Fakat toplarken vitrinde herkesin ortak değeri
‘din’ yani İslam varken dağıtırken vitrinde
yalnızca kendi cemaat ve tarikatları var.
Bu yolla muazzam bir güç elde ediyorlar.
Üstelik talep edilen yardım meselesinin elde edilen güç
sayesinde giderek bir tehdide dönüştüğünü de üzülerek
izliyoruz.
Yardım talep edilen tüccarın veyahut bürokratın veyahut
öğrencinin bu talebe “hayır” demesinin ne anlama
geldiğini, “hayır” dediğinde neyle karşılaşacağını
artık hepimiz biliyoruz.
Yardımın (infakın) gönülden gelen, istekle yapılması gereken bir
ibadet olduğu açık. Fakat taleple yapılan yardımın giderek bir
mecburiyete dönüştüğünü de görmezden gelemeyiz.

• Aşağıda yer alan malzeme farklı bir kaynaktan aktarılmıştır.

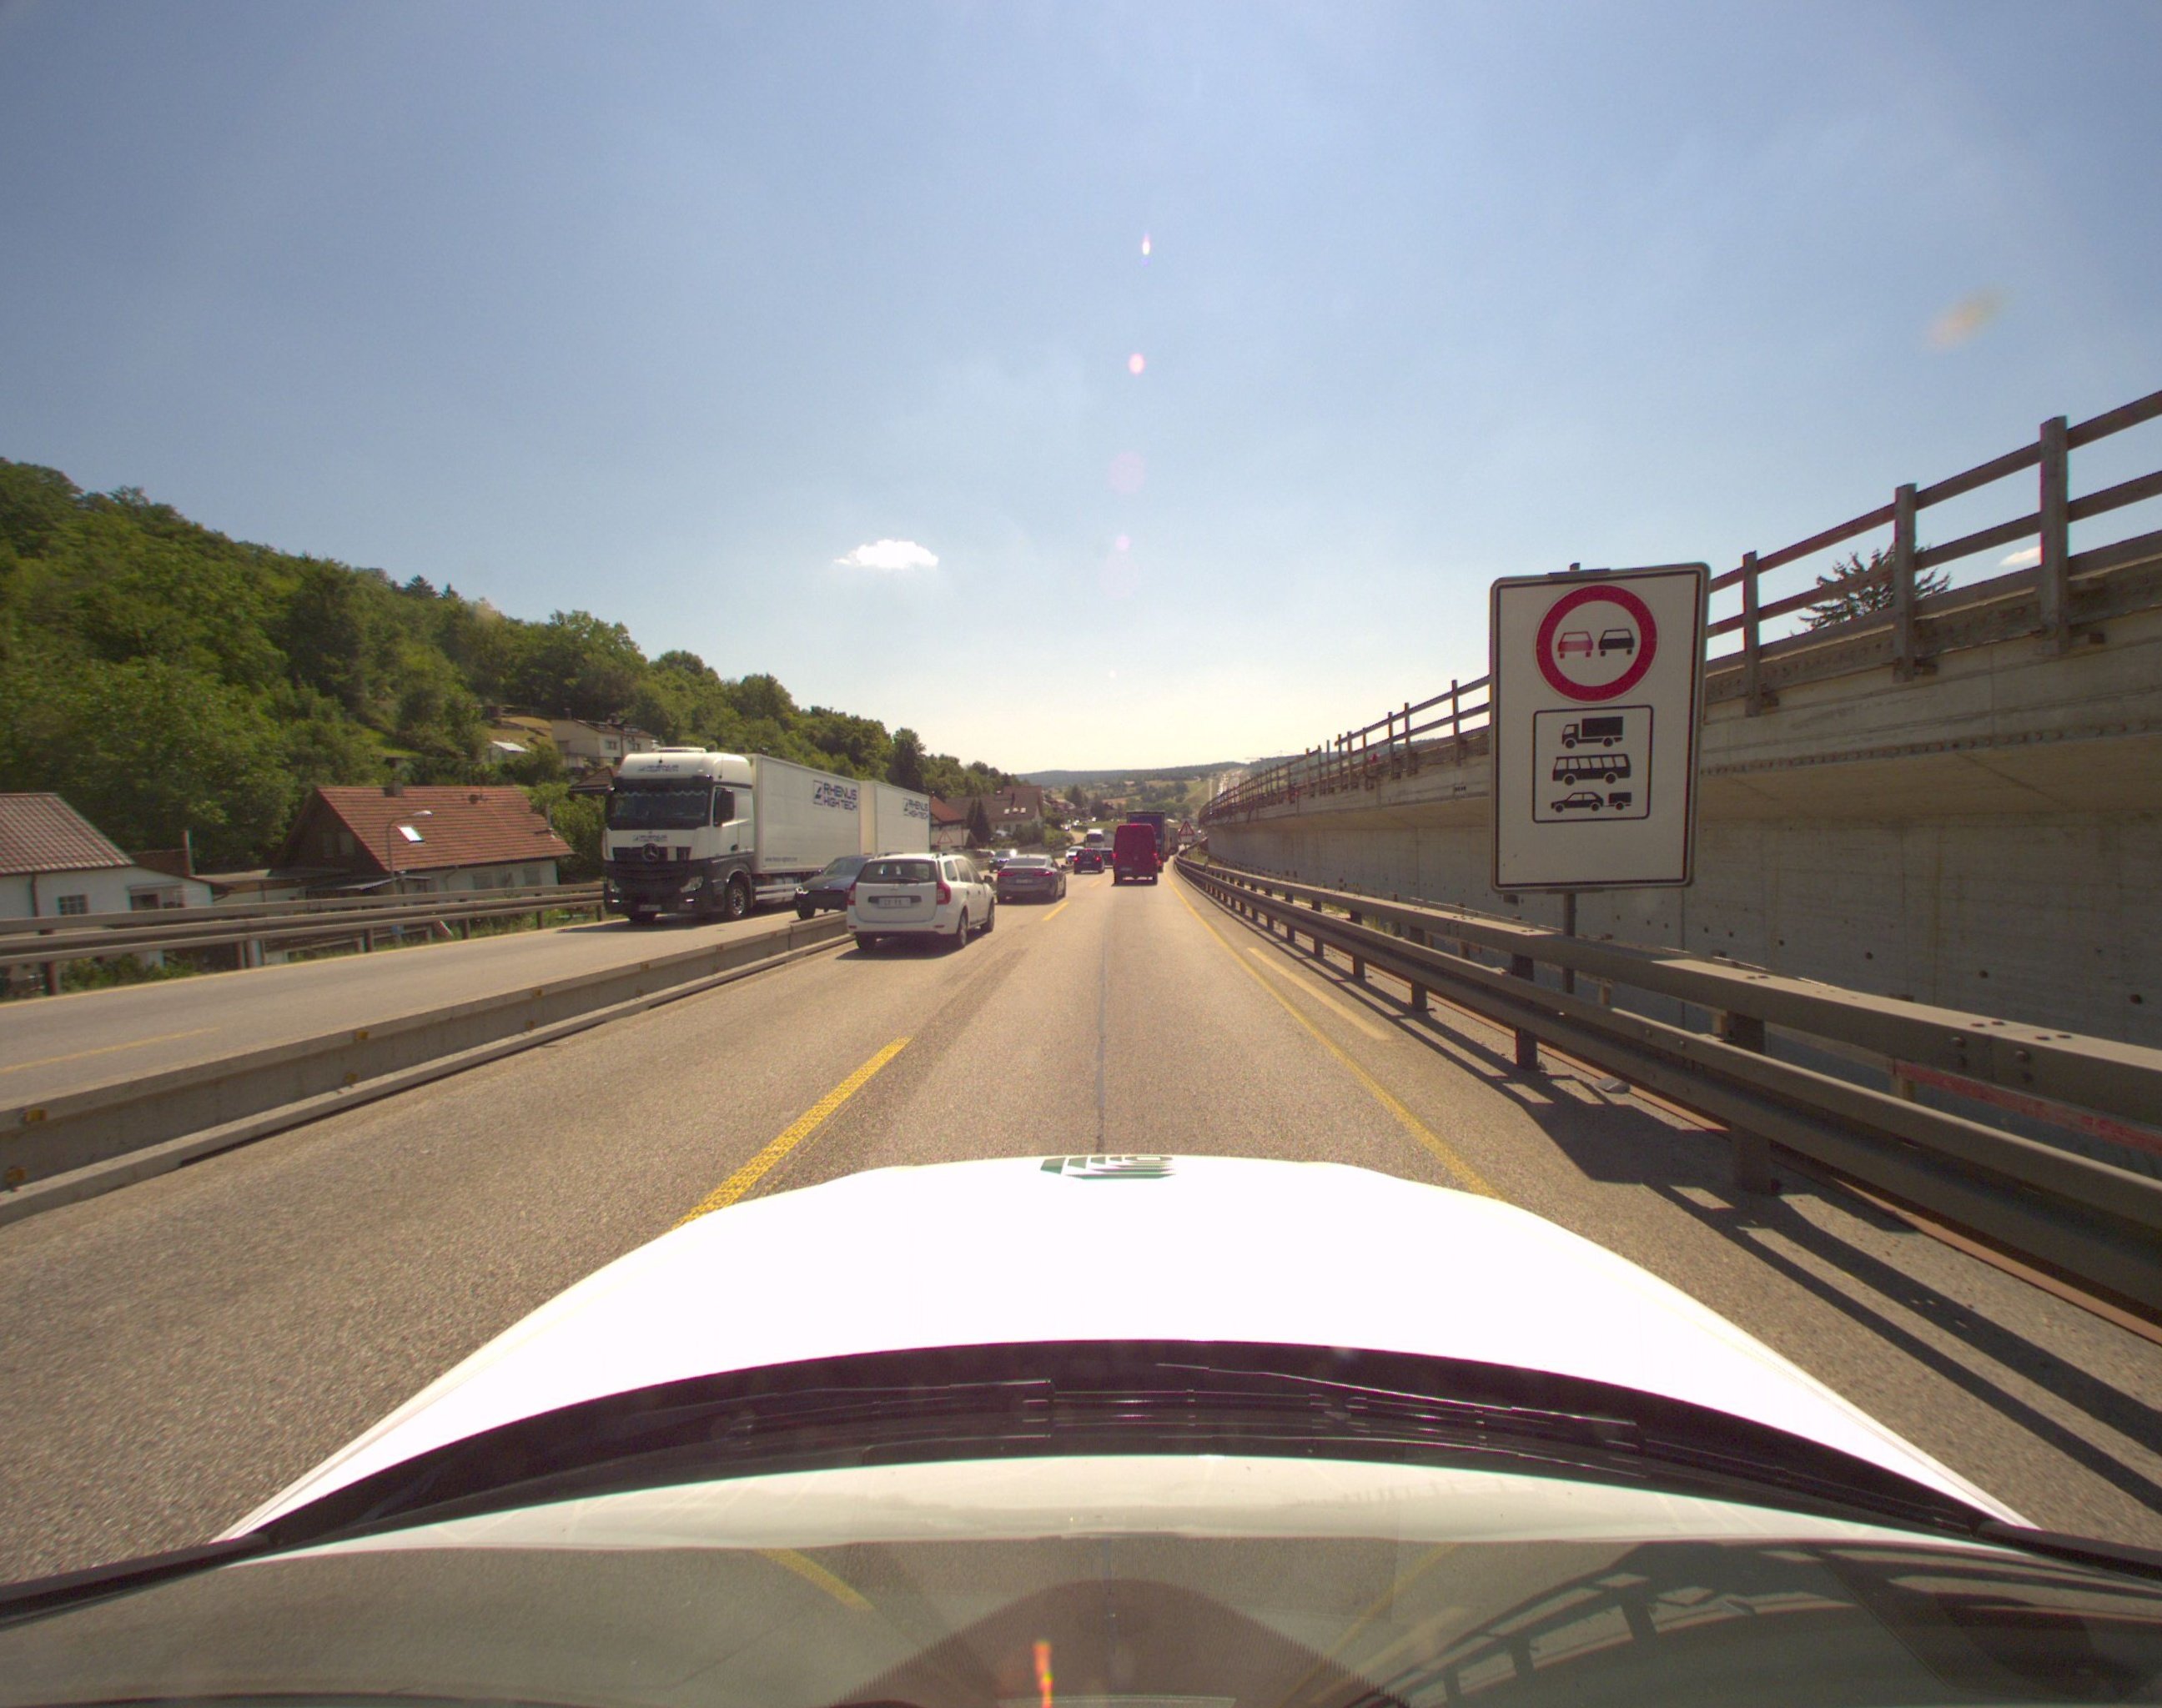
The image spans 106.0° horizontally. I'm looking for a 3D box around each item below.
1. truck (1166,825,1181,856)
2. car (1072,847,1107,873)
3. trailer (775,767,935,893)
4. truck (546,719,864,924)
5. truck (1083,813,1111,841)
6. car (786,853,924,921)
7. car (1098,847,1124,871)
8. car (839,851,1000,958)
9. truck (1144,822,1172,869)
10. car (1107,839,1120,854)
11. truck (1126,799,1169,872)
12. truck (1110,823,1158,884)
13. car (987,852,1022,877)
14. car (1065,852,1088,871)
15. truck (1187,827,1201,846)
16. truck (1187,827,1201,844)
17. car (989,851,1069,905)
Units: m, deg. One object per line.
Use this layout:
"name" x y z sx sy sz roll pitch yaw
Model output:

Son dönemde fena halde abartılan yardım toplama çalışmalarının
bir hayır yarışından çok pastadan pay kapma yarışına dönüştüğünü
üzülerek izliyoruz.
İşte bütün bu çabaların, bayramların içini de boşalttığını,
değersizleştirdiğini mecburiyetten uyulması gereken bir
‘ritüel’e dönüştürdüğünü fark etmemiz
gerekiyor.
Kurban derilerinden kapacağımız payı düşündüğümüzün yarısı
kadar, insanların bayramlardan giderek uzaklaşmasını dert etsek
daha esaslı bir sonuca varabiliriz diye düşünüyorum.
Demek istediğim bayramların esas amacı kardeşliğimizi,
dostluğumuzu, komşuluk ilişkilerimizi yüceltmesidir.
Toplanan derilerin çokluğu dağıttığımız birkaç kilo et veyahut
topladığımız yardım miktarından daha önemli olan, bayramların
bayram olmaktan çıkmamasıdır.
Bazı değerler sayılara, meblağlara feda edilmeyecek kadar
önemlidir.
Hepinizin Kurban bayramı mübarek olsun. Keyifli, huzurlu, mutlu
ve sıcak bir bayram diliyorum.
Gazeteciler. Com’daki tuhaf
değişiklik
İnternet siteleri için tıklanma yarışı ciddi bir sorun. Bu sorun
giderek büyüyor ve kaliteyi de tehdit eder duruma geliyor.
Birçok haber sitesi tıklanma sayılarını artırmak için açık kadın
temalı foto galeri ucuzluğuna yenik düşüyor.
Bu numarayla rekabet edemeyenler de kendilerine farklı yöntemler
arıyorlar.
Mesela en çığırtkan, en pespaye, en çok çirkefleşen insanların
sözlerine yer vererek dikkat çekmeye çalışıyorlar.
Ben bu tür numaraları gazetecilik zekası gösteremeyenlerin
başvurdukları değersiz birer yöntem olarak görüyorum.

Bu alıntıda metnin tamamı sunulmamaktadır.